» **EXERCISE GOAL**: Write out, word for word, the part of the listing below that opens with the line containing "line L1 (-0.4069, 1.0273)" and closes with the line containing "4. pin 3: stops at z = 18", keeping both of those lines and adding no others.

^^^^^^^^^^^^^^^^

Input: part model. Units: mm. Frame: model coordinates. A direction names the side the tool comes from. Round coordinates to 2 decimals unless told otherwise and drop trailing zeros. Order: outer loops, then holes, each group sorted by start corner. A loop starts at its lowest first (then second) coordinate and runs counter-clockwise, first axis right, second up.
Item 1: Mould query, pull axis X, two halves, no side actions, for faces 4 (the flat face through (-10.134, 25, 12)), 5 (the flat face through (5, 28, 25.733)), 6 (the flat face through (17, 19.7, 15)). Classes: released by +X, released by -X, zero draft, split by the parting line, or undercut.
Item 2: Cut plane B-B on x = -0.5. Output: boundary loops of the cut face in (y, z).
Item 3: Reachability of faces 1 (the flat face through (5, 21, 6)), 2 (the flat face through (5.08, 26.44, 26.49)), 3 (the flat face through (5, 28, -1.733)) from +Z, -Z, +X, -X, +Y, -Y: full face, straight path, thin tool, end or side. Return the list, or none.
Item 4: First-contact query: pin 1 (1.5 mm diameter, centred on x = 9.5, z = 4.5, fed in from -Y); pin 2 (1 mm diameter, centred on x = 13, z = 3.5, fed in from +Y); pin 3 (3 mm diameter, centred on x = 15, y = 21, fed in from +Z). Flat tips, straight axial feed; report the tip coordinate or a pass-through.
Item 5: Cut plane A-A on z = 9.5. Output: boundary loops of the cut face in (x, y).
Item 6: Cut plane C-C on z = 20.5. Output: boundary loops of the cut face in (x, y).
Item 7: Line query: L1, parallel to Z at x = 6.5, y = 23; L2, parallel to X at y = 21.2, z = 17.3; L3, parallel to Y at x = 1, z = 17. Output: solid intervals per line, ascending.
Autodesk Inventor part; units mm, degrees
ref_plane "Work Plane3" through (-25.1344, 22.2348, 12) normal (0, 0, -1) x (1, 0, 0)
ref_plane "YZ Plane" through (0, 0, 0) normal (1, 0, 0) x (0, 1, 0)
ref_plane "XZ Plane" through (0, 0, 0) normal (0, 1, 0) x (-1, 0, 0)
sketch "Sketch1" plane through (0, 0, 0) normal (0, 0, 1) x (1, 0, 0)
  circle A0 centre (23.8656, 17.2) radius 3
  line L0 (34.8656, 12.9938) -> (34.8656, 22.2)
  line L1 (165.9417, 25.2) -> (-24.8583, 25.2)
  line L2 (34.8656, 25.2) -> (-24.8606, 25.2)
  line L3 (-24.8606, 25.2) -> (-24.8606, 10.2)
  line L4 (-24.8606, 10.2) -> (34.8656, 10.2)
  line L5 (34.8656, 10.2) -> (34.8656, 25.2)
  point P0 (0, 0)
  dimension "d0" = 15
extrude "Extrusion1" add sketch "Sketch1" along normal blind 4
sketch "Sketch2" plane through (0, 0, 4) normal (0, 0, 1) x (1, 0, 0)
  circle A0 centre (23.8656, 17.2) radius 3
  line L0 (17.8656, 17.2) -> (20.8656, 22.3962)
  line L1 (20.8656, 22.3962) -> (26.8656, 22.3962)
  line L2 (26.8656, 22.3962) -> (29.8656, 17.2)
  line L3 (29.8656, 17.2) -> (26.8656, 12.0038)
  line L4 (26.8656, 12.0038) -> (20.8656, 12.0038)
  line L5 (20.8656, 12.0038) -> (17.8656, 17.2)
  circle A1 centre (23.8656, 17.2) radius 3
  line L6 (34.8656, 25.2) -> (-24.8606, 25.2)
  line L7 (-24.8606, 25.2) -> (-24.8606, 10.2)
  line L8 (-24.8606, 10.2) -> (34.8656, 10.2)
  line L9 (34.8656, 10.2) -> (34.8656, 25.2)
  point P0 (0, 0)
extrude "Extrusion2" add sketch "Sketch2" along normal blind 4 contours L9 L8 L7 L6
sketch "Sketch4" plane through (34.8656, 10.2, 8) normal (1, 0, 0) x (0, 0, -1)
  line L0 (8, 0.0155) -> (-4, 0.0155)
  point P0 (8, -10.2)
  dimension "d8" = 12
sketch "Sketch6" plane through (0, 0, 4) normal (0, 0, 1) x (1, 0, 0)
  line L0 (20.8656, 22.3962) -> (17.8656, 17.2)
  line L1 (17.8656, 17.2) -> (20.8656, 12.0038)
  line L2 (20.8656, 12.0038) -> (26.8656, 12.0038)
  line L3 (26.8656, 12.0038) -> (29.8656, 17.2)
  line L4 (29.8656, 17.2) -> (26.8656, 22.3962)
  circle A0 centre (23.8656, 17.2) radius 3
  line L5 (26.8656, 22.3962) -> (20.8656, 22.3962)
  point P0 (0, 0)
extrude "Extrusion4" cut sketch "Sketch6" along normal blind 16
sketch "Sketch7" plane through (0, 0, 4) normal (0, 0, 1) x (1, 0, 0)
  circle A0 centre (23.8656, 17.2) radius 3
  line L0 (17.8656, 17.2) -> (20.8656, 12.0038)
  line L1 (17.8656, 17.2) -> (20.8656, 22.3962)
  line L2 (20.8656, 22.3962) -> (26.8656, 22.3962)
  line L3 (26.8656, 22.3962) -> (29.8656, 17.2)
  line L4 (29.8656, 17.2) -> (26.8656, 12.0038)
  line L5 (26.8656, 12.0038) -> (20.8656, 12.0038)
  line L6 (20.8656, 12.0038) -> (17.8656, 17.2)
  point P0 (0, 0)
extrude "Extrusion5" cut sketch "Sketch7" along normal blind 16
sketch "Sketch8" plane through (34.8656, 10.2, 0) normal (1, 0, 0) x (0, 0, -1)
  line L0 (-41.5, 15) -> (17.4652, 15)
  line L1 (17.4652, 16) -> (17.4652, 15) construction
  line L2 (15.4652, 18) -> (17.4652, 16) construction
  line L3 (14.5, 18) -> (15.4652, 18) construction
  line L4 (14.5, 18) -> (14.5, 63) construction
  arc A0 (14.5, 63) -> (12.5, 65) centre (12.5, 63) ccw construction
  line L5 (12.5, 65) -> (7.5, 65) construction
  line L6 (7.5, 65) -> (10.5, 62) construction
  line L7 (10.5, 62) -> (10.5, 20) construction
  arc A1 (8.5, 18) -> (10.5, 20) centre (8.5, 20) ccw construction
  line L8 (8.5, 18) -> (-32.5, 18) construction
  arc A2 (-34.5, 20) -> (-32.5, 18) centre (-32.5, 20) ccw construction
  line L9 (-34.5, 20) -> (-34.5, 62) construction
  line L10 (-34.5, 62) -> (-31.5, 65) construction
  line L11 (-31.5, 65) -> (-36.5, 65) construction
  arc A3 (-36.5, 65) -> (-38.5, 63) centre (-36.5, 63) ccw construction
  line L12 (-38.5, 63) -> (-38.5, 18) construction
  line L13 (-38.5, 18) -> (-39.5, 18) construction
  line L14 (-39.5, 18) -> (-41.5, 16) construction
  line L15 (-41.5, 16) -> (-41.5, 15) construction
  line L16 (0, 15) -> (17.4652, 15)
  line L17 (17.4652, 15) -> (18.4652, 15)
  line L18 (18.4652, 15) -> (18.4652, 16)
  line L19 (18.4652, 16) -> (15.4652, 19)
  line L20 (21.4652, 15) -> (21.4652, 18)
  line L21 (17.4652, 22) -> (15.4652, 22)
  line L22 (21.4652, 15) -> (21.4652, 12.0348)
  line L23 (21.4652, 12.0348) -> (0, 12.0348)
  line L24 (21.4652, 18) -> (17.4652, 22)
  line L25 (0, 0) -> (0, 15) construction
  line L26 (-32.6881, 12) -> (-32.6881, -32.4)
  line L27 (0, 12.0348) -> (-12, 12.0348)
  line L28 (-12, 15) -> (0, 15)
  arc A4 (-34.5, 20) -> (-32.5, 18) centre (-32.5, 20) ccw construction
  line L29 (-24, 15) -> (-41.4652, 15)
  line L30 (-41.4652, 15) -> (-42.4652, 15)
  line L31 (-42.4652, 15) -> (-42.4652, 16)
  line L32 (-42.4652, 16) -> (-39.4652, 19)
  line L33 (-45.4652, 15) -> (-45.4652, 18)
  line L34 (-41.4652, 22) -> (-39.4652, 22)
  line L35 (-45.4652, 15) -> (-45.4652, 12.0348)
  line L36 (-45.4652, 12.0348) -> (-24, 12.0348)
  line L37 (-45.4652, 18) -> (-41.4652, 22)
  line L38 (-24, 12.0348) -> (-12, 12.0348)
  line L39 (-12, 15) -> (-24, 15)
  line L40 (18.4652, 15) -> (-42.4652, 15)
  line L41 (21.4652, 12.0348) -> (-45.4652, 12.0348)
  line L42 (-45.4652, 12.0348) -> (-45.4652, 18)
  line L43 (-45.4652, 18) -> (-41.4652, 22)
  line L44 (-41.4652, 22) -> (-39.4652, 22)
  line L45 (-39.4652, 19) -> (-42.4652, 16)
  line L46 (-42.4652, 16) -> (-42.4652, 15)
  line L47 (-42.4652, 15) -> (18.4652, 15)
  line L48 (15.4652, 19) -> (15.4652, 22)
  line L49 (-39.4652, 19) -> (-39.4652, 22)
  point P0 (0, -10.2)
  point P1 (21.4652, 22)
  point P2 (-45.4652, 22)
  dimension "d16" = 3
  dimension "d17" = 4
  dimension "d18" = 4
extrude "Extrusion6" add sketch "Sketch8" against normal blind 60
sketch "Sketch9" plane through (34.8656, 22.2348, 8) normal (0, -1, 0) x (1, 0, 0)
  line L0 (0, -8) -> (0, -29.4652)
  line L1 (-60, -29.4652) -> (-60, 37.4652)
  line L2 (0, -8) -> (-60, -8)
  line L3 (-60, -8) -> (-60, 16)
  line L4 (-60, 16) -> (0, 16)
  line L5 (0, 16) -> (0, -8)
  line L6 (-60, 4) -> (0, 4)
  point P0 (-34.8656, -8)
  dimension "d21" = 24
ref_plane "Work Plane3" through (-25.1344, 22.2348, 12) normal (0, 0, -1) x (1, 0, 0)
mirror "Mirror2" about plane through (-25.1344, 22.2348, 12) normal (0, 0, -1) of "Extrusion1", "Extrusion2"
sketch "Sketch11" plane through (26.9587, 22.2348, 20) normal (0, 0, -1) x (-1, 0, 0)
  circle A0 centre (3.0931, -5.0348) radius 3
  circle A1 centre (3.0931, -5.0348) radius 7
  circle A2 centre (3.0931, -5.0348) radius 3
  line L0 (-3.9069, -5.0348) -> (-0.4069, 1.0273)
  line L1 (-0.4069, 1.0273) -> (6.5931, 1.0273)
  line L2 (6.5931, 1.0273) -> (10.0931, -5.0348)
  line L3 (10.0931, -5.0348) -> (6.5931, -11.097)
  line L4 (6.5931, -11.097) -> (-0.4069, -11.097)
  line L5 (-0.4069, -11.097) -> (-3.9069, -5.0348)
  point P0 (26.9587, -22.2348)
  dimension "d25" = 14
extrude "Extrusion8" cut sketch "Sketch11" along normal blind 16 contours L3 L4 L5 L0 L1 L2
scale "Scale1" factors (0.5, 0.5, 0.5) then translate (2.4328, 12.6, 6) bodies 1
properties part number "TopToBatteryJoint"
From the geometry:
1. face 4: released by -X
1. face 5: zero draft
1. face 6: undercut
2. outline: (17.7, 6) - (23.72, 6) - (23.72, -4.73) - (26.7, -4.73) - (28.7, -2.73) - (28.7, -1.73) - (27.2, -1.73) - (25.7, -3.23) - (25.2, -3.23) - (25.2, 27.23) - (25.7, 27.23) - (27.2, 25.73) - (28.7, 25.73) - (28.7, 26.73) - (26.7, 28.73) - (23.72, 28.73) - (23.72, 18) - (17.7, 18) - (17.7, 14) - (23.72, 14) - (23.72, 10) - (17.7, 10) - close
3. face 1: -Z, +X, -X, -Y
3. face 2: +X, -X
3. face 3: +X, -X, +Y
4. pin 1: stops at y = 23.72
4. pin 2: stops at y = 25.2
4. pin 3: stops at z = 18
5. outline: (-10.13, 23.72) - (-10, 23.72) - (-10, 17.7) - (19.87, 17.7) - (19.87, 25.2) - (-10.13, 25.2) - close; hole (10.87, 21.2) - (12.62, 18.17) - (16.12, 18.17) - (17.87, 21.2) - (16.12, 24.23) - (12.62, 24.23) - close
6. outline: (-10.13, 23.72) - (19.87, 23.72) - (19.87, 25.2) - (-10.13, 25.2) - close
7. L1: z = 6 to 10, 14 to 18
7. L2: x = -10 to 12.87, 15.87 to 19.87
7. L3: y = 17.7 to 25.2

^^^^^^^^^^^^^^^^

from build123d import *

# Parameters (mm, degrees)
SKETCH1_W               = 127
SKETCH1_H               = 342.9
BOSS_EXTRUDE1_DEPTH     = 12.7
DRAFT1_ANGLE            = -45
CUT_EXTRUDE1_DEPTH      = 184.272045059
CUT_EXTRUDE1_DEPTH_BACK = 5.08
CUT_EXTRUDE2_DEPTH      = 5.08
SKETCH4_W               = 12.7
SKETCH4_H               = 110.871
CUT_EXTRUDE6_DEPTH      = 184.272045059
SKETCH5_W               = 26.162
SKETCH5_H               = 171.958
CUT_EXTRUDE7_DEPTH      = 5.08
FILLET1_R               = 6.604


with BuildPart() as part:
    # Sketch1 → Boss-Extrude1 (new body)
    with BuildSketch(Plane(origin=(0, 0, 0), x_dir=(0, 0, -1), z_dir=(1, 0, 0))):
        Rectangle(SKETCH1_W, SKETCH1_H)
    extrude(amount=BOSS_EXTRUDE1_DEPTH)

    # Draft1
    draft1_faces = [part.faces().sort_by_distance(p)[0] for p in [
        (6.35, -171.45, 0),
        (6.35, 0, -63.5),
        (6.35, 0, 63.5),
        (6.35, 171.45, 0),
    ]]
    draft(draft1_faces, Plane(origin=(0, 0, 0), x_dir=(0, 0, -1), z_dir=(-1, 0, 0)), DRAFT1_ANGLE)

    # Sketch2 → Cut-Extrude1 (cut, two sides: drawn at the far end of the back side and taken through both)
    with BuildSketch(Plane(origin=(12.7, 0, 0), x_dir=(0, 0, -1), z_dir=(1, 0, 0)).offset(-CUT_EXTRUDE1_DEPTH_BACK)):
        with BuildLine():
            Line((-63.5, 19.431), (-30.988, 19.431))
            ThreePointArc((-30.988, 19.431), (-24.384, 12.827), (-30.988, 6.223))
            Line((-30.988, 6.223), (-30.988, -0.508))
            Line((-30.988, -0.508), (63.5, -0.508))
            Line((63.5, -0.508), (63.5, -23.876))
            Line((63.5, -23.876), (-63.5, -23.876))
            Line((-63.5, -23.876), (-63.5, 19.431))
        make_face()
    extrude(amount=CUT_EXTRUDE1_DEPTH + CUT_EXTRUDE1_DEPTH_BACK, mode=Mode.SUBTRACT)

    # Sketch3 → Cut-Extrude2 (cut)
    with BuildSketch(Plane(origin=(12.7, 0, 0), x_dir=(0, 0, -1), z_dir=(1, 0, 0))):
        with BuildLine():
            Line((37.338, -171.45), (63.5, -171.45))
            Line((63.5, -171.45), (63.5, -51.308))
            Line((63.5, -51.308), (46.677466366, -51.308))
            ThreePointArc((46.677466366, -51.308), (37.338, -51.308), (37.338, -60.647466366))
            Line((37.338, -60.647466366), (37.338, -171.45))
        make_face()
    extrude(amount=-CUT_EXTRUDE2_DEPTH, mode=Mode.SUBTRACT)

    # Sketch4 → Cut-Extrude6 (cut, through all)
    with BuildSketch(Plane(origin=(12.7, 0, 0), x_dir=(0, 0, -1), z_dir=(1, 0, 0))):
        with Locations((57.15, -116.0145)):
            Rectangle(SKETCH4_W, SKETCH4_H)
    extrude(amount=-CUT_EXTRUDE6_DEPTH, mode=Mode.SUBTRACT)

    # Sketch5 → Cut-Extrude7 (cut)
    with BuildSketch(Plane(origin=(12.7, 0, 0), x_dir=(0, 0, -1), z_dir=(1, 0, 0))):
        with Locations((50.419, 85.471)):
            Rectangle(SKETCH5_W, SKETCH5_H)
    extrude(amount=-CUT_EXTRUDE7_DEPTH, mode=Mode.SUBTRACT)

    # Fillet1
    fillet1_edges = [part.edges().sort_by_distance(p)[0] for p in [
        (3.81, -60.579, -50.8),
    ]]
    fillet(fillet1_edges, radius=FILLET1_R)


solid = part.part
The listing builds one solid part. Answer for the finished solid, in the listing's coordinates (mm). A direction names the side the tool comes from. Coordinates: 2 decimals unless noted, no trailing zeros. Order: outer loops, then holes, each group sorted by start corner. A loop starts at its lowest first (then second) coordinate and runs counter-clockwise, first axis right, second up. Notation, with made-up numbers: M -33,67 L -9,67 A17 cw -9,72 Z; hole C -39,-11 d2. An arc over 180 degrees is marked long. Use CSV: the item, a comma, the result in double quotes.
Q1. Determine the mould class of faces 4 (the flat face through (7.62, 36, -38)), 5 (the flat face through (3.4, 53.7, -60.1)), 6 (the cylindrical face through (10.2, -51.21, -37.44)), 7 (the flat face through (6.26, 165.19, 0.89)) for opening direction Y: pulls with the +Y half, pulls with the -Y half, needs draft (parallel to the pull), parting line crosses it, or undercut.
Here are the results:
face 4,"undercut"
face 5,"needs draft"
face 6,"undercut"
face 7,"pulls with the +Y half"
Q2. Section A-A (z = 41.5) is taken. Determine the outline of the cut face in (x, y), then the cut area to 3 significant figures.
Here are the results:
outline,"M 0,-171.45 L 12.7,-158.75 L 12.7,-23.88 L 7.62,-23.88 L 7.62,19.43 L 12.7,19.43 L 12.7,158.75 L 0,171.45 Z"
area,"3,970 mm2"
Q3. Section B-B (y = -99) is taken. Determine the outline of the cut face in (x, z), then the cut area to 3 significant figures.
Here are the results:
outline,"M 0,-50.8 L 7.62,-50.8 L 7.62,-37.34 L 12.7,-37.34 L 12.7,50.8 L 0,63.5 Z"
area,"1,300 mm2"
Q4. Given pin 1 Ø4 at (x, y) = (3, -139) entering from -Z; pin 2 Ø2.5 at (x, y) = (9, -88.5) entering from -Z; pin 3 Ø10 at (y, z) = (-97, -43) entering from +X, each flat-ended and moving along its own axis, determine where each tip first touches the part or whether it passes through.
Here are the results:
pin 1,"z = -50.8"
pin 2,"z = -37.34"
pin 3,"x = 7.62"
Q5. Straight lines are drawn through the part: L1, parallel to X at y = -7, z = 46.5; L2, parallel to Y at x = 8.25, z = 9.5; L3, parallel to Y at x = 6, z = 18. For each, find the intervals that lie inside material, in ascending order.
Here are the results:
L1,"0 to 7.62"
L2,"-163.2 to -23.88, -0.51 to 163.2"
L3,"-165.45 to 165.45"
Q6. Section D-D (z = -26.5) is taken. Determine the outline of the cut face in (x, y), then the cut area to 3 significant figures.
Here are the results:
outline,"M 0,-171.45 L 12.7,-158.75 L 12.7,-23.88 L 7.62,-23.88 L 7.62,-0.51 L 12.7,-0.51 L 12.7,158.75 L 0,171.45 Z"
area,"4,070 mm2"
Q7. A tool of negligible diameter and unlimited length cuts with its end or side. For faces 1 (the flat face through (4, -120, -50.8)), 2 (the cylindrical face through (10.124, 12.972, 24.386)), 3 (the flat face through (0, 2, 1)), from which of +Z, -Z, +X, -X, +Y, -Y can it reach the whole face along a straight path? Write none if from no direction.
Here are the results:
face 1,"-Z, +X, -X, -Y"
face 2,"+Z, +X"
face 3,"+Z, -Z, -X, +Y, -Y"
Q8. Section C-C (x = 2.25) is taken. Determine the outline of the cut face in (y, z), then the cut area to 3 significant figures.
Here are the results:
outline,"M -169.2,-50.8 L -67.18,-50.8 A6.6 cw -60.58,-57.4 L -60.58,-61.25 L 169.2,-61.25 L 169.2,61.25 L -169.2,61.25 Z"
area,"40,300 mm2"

^^^^^^^^^^^^^^^^

» **RESULT FOR THIS EXERCISE**:
  line L1 (-0.4069, 1.0273) -> (6.5931, 1.0273)
  line L2 (6.5931, 1.0273) -> (10.0931, -5.0348)
  line L3 (10.0931, -5.0348) -> (6.5931, -11.097)
  line L4 (6.5931, -11.097) -> (-0.4069, -11.097)
  line L5 (-0.4069, -11.097) -> (-3.9069, -5.0348)
  point P0 (26.9587, -22.2348)
  dimension "d25" = 14
extrude "Extrusion8" cut sketch "Sketch11" along normal blind 16 contours L3 L4 L5 L0 L1 L2
scale "Scale1" factors (0.5, 0.5, 0.5) then translate (2.4328, 12.6, 6) bodies 1
properties part number "TopToBatteryJoint"
From the geometry:
1. face 4: released by -X
1. face 5: zero draft
1. face 6: undercut
2. outline: (17.7, 6) - (23.72, 6) - (23.72, -4.73) - (26.7, -4.73) - (28.7, -2.73) - (28.7, -1.73) - (27.2, -1.73) - (25.7, -3.23) - (25.2, -3.23) - (25.2, 27.23) - (25.7, 27.23) - (27.2, 25.73) - (28.7, 25.73) - (28.7, 26.73) - (26.7, 28.73) - (23.72, 28.73) - (23.72, 18) - (17.7, 18) - (17.7, 14) - (23.72, 14) - (23.72, 10) - (17.7, 10) - close
3. face 1: -Z, +X, -X, -Y
3. face 2: +X, -X
3. face 3: +X, -X, +Y
4. pin 1: stops at y = 23.72
4. pin 2: stops at y = 25.2
4. pin 3: stops at z = 18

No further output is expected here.